What? Yet another act of mass violence? This one very close to home …
I arrived in Boston yesterday morning, just a few hours before Logan airport was closed down due to the marathon bombings. A friend picked me up and took me straight to a local hospital so we could spend time with a mutual friend who was having her first chemotherapy treatment, for recently diagnosed Stage IV cancer.
Leaving Boston later that afternoon, we saw police cars escorting convoys of dozens of empty school buses driving into the city. It was an eerie sight, and we wondered what was going on. Perhaps some kind of disaster-response rehearsal? But it wasn’t a rehearsal, it was the real thing. (Am assuming the buses were needed to take survivors to safety)
A day later and my mind still struggles to take all of this in. It shuttles between aversion and delusion, two of the three “root poisons” in Buddhist thought – i.e. not wanting / resisting, and not knowing / ignoring.
I go on-line, looking for consolation, and come back with this piece by Pema Chodron. Ah, yes, the consolation of no-consolation! Staying with that “queasy feeling” and being able to say “this too, this too,” to Stage IV cancer and bombings and ————- (fill in the blanks).
Anxiety, heartbreak, and tenderness mark the in-between state. It’s the kind of place we usually want to avoid. The challenge is to stay in the middle rather than make us more rigid and afraid. Becoming intimate with the queasy feeling of being in the middle of nowhere only makes our hearts more tender. When we are brave enough to stay in the middle, compassion arises spontaneously. By not knowing, not only hoping to know, and not acting like we know what’s happening, we begin to access our inner strength.
Yet it seems reasonable to want some kind of relief. If we can make the situation right or wrong, if we can pin it down in any way, then we are on familiar ground. But something has shaken up our habitual patterns and frequently they no longer work. Staying with volatile energy gradually becomes more comfortable than acting it out or repressing it. This open-ended tender place is called bodhichitta. Staying with it is what heals. It allows us to let go of our self-importance. It’s how the warrior learns to love.
Pema Chodron, from The Places That Scare You (Shambhala Publications)
2 thoughts on “Responding and reacting”
Yes this is interesting. I have the great good fortune of being ‘open’ 🙂 That is, it doesn’t matter what I do (as far as I can work out) I am open to others state of being and the bad things that happen in the world.
However, this does not seem to be the case for everyone? My ‘default’ response to the bombing was ‘Crikey America is so violent’, but of course any glance at Wikipedia will show you that yes it may be near the top of the homicides list but there are other countries as bad or worse:-(
However, I notice that a significant number of people are interested in things like ‘houses’ and ‘stuff’ and as long as bad stuff does not impinge they are ‘happy’. As stated initially this doesn’t seem to be the case with me.

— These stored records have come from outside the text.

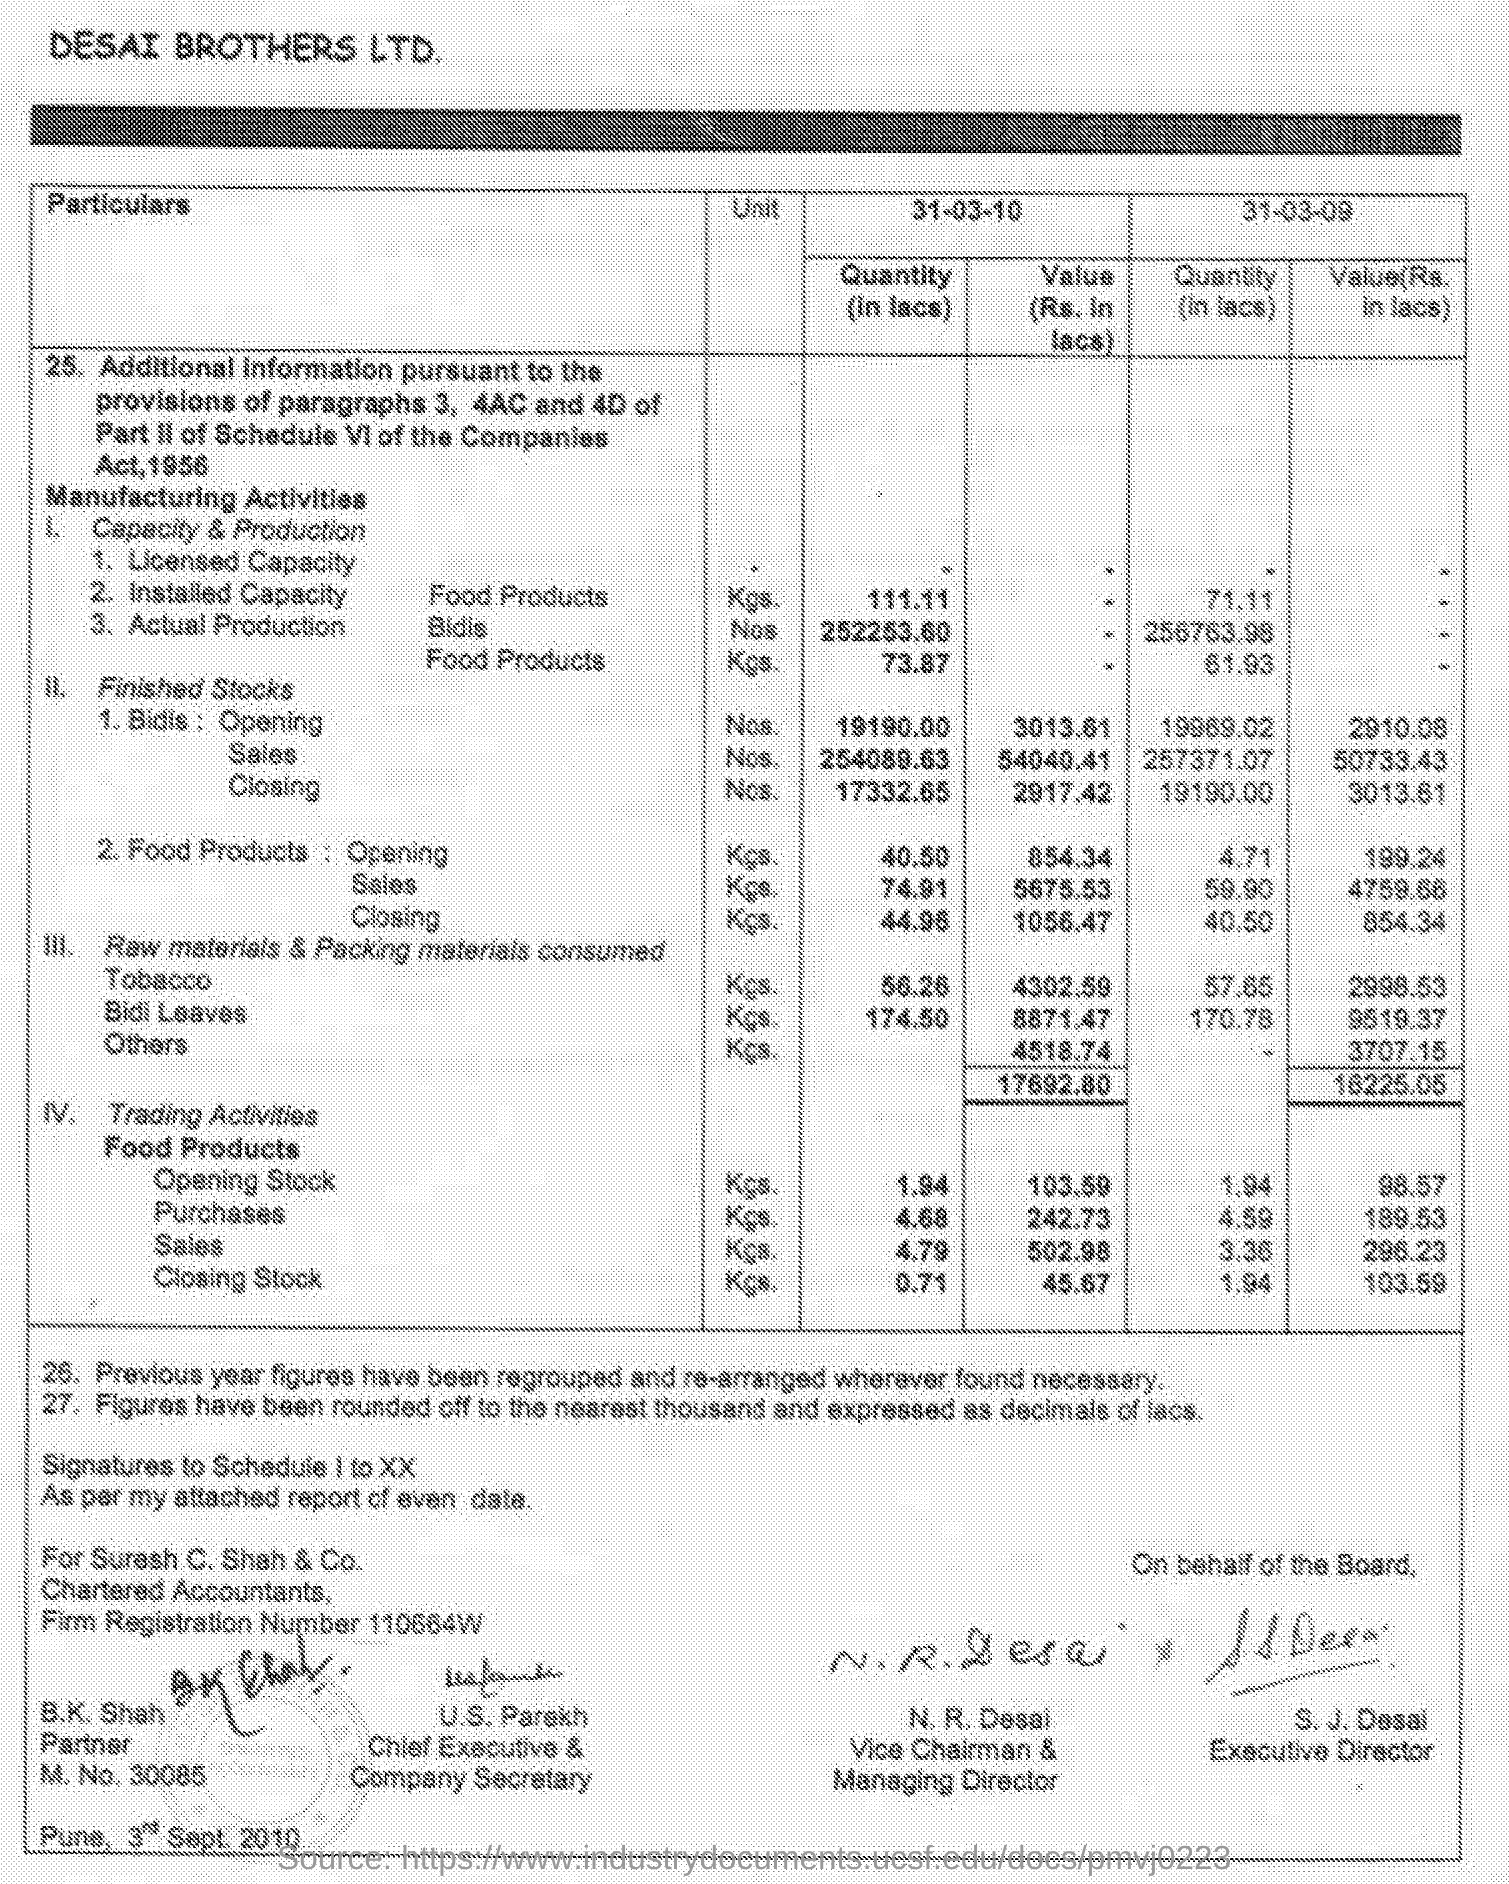Outline some significant characteristics in this image. The weight of food products is specified in the document. The name of the city located at the bottom left corner of the given page is Pune. The number M.NO. 30085 was mentioned. The heading given to the first column of the table is "Particulars. S.J. Desai is designated as the Executive Director. 
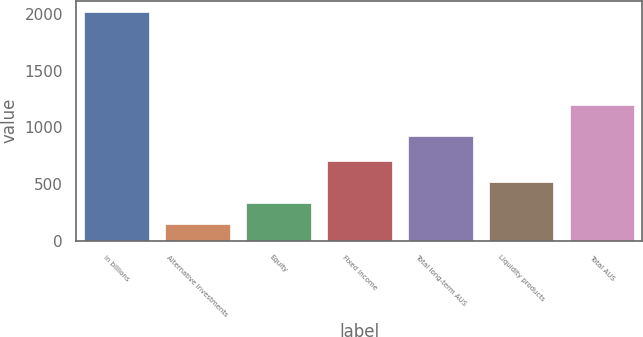Convert chart to OTSL. <chart><loc_0><loc_0><loc_500><loc_500><bar_chart><fcel>in billions<fcel>Alternative investments<fcel>Equity<fcel>Fixed income<fcel>Total long-term AUS<fcel>Liquidity products<fcel>Total AUS<nl><fcel>2015<fcel>145<fcel>332<fcel>706<fcel>922<fcel>519<fcel>1194<nl></chart> 
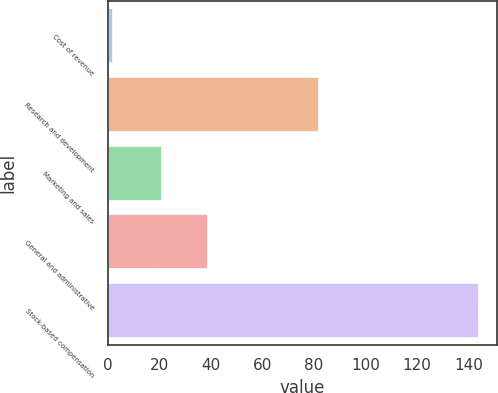Convert chart. <chart><loc_0><loc_0><loc_500><loc_500><bar_chart><fcel>Cost of revenue<fcel>Research and development<fcel>Marketing and sales<fcel>General and administrative<fcel>Stock-based compensation<nl><fcel>2<fcel>82<fcel>21<fcel>39<fcel>144<nl></chart>

What I have noticed is that those people that have managed to stay open to the ‘pain’ are generally nicer to be around and more humane (you talked about ‘going down’ in another conversation).
I suppose that I believe that ‘Life is conditioned by suffering’ is a fact and it is how we respond to that fact that in effect determines our life! I was saying only yesterday that as far as the 2nd Noble Truth is concerned I feel less in the ignorance camp and more in the craving / aversion camp! Because for me (as stated above) I am ‘open’ and know I am interconnected.
But for me I know (or I believe) that there is a limit to the amount of suffering that I could cope with before I would ‘crack up’. So I have doubts about the quote ‘When we are brave enough to stay in the middle, compassion arises spontaneously.’
It could read for me ‘If we are brave enough to stay in the middle, compassion may arise spontaneously but it may depend on what we are in the middle of!’ It may be that we have to run away and reconsider things! How much pain can I deal with in reality?
The running away is surely what most people do. Perhaps the trick is to try and do it consciously and evaluate rather than unconsciously and look for nicer curtains for the spare bedroom 🙂
I appreciate all the issues you’re bringing up here. I agree that when working with intense suffering it’s often necessary to make a strategic withdrawal, and that this is not the same as running away – because it’s done with full awareness. As you say in the end, the trick does seem to be to “do it consciously and evaluate.”
I like the distinction you made between knowing (or believing) that there’s a limit to the suffering you can cope with. That’s an interesting area to me: seeing how beliefs can shape and limit my capacity, but in spite of that, how often I actually AM able to survive challenging situations. It often seems that when things get tough, inner and outer resources also get catalysed that make the situation manageable – though not always graceful or pretty!
For me, this path is about expanding boundaries, coming up against my own limits or edges and finding ways of stretching them, gently. Like mental or emotional yoga, maybe. But not forcing myself to be more caring or more kind or more compassionate, because then that starts to feel like another form of violence, in a way.